● **What is expected**: Among the entries below, please repeat exactly and only the lines from the line containing "(19, 9, 14))" to the line containing "#4 round machined part (107,85,187,162)", both lines included.

-------------------------

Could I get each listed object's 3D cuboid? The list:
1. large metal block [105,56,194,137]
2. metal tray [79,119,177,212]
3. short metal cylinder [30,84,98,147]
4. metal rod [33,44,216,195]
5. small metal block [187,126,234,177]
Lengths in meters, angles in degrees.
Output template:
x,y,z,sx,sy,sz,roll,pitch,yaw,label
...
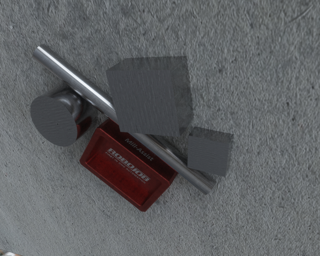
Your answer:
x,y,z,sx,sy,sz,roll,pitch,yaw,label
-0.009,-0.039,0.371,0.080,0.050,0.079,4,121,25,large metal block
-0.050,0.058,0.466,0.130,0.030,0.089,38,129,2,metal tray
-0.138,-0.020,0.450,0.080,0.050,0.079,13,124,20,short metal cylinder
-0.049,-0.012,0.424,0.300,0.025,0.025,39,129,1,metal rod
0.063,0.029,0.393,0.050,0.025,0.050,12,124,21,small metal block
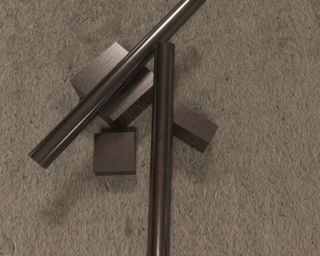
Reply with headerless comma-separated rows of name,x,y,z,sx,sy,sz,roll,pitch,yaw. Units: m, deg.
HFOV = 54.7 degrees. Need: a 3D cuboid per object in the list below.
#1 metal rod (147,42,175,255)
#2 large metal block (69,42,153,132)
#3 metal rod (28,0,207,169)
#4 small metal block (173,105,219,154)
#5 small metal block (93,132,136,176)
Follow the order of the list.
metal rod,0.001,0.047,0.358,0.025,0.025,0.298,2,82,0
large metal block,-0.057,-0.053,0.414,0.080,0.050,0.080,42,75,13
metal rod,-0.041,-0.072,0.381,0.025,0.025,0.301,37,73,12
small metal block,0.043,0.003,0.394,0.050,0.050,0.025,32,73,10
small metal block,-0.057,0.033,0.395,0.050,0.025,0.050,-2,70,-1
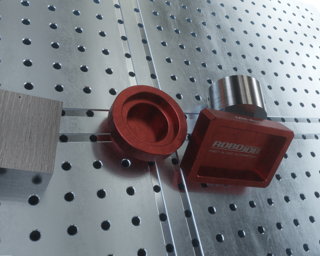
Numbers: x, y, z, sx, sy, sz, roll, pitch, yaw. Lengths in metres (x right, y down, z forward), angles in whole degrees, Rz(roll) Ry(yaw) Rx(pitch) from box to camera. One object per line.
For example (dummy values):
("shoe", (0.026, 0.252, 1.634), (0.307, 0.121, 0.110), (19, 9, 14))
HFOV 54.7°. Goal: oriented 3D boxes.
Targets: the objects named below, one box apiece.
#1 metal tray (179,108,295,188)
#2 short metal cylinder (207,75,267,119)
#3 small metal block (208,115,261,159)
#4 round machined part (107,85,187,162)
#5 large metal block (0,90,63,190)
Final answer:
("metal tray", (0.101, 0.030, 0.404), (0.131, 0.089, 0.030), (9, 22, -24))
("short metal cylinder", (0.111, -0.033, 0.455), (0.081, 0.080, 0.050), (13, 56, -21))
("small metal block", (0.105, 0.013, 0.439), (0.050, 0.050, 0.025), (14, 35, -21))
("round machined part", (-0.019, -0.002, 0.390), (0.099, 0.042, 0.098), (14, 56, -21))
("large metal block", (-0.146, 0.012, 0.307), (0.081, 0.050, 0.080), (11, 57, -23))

-------------------------

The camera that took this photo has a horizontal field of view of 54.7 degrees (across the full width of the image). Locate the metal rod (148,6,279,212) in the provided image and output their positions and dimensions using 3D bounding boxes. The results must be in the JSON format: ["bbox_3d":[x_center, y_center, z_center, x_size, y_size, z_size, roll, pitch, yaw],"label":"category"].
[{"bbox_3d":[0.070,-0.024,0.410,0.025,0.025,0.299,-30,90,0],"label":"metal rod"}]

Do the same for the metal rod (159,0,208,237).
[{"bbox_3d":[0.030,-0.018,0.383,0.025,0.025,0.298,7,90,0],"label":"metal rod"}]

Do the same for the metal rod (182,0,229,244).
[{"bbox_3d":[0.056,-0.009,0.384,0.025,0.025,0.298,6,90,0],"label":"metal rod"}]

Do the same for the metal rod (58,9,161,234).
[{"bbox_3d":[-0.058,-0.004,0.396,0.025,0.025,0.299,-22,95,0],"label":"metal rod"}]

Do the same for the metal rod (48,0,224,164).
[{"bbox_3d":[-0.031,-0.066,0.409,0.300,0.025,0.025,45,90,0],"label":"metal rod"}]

-------------------------

● **Response to this task**:
("shoe", (0.026, 0.252, 1.634), (0.307, 0.121, 0.110), (19, 9, 14))
HFOV 54.7°. Goal: oriented 3D boxes.
Targets: the objects named below, one box apiece.
#1 metal tray (179,108,295,188)
#2 short metal cylinder (207,75,267,119)
#3 small metal block (208,115,261,159)
#4 round machined part (107,85,187,162)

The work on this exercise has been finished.